O Velho Canoeiro
Todos a chamavam de dona Guidinha, uma forma carinhosa de abreviar o nome originado de um belíssimo exemplar de flores.
Encontrei-a, pela primeira vez, tirando água da cacimba, em pleno meio-dia. Na ocasião ela usava da força de seus braços delgados para içar o balde que vinha transbordante de água salobra.
Após depositar todo o líquido no interior de um pote, rapidamente correu para o moinho a fim extrair o caldo das canas-de-açúcar.
Sua cabana de barro ficava à sombra de uma goiabeira e, mais adiante, vários coqueiros perfilados davam um toque especial à paisagem.

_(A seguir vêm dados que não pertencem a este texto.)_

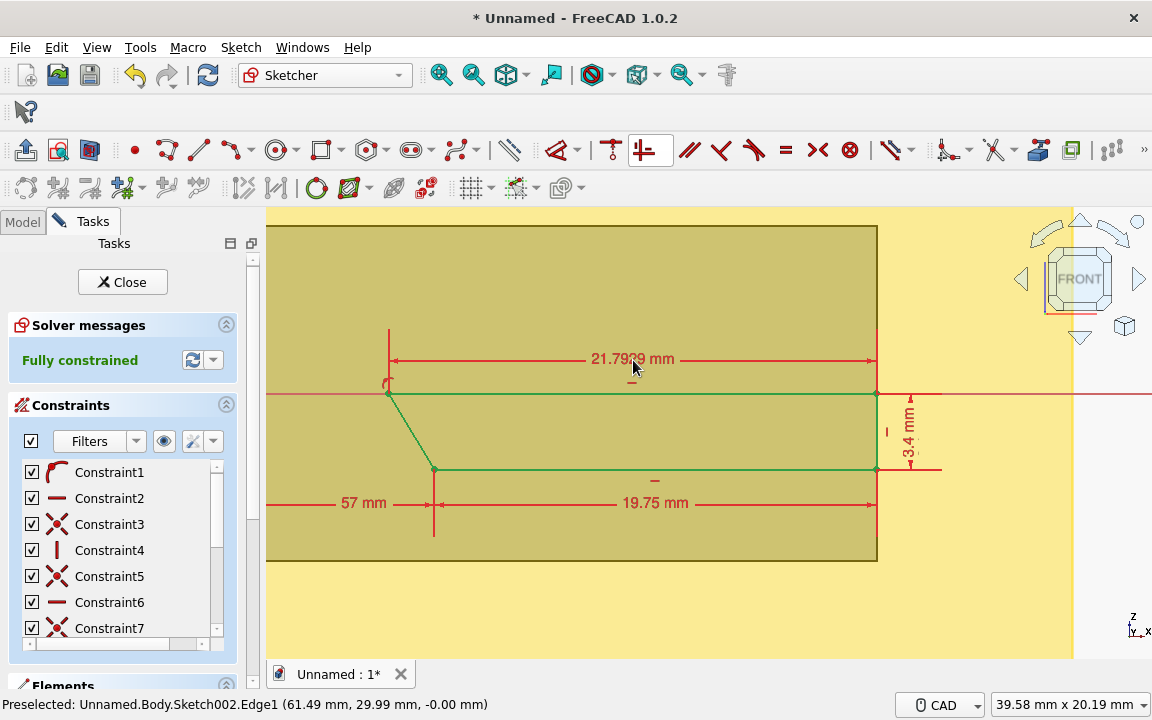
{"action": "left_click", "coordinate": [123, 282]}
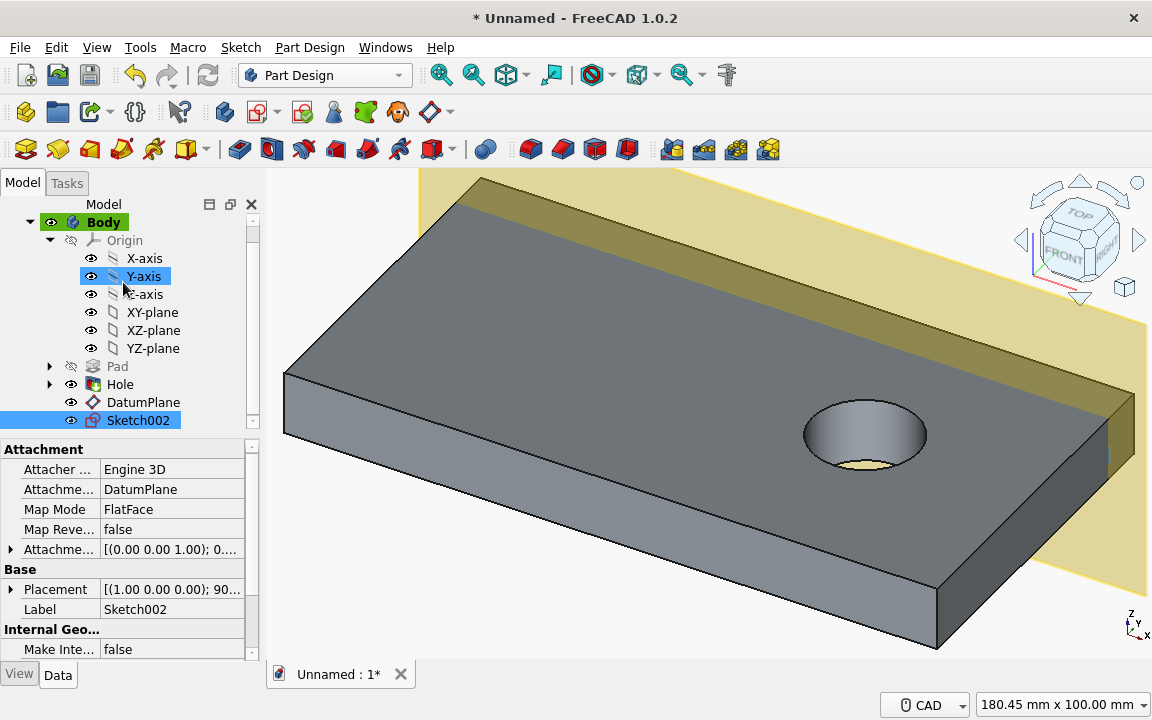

No terreiro, várias aves disputavam farelos de pão e faziam uma algazarra danada. Um cajueiro arqueava a copa, preguiçosamente, inundando tudo de sombra e folhas.
Seu Nestor, o marido, estava no abrigo de sempre, na oficina onde artesanalmente fabricava canoas, profissão que aprendera desde quando as utilizava no pescado.
O casal levava uma vida de árduo trabalho em absoluta tranquilidade.
Até que um dia a companheira contraiu estranha doença e atendeu mais cedo ao chamado do Pai.
Apesar da perca irreparável, seu Nestor acumulou tarefas e foi tocando a vida. Suas mãos hábeis mais e mais encantavam com a perfeição dos entalhes na madeira.
Todas as noites, antes de dormir, o velho canoeiro relembrava da amada, o coração embebido de saudade.
Em um de seus sonhos, teve a visão de sua mulher a sorrir-lhe e cuidou ter sentido um perfume adocicado de certa flor do campo.
Acordou com uma leveza no espírito e cumpriu regularmente o seu ofício.
À noitinha, olhos fitos numa grande imensidão de areia que se perdia ao longe, dividiu a solidão com as estrelas que pontilhavam o azul-marinho dos céus.
De repente, como por encanto, uma lua dourada surgiu atrás da cortina de palha dos coqueiros e, brincando de bem-me-quer, derramou sobre o velho uma chuva de pétalas de margarida.